** Records provided **
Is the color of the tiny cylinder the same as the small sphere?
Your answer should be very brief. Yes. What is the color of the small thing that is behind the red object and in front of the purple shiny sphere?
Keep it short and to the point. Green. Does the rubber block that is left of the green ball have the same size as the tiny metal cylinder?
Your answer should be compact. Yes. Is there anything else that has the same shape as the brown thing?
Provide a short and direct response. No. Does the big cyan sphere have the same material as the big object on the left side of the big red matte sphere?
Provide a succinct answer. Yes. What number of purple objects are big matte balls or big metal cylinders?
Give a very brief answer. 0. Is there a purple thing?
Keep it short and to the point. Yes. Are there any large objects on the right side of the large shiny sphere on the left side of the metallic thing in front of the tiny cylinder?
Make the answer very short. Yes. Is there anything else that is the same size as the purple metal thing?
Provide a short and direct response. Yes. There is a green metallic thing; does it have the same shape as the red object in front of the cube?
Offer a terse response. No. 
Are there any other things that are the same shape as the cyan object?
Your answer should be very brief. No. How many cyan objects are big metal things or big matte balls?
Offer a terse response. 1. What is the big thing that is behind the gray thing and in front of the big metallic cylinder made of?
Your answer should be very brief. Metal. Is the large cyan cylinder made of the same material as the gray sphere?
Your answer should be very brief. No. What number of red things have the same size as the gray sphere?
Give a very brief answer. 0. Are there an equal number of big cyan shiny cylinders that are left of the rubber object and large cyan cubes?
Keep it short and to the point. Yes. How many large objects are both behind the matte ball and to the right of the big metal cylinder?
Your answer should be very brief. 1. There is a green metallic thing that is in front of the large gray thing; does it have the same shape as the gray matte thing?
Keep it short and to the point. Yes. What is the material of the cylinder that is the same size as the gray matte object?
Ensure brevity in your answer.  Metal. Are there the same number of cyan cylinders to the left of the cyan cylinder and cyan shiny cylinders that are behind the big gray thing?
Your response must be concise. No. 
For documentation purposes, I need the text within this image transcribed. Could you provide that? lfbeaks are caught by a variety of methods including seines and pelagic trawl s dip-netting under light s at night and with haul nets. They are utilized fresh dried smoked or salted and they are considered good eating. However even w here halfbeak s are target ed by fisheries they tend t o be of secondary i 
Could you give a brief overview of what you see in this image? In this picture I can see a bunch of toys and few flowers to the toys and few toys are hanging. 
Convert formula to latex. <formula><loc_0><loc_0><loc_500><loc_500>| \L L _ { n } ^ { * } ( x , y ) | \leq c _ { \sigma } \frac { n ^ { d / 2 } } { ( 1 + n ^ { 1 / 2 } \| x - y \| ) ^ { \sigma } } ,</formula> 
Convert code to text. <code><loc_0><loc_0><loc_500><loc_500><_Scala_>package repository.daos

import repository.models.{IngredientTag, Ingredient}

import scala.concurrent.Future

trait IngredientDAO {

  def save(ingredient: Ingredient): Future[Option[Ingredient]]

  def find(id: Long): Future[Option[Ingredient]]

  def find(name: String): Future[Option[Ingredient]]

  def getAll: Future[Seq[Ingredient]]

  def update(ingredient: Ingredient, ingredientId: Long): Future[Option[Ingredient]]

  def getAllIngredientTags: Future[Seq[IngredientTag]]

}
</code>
--
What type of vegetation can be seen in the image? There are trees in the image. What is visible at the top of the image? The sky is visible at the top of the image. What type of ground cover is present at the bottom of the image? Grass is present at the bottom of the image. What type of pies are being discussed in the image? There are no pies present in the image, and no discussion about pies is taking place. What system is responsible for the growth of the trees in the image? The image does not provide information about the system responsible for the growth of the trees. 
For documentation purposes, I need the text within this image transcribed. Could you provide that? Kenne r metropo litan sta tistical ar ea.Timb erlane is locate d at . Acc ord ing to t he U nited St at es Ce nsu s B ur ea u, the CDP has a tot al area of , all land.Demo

** Problem description **
Your task is to retype the entries verbatim, starting with the line that holds "Provide a short and direct response. No." and stopping after the line that holds "Keep it short and to the point. Yes. Are".

** Written answer **
Provide a short and direct response. No. Does the big cyan sphere have the same material as the big object on the left side of the big red matte sphere?
Provide a succinct answer. Yes. What number of purple objects are big matte balls or big metal cylinders?
Give a very brief answer. 0. Is there a purple thing?
Keep it short and to the point. Yes. Are there any large objects on the right side of the large shiny sphere on the left side of the metallic thing in front of the tiny cylinder?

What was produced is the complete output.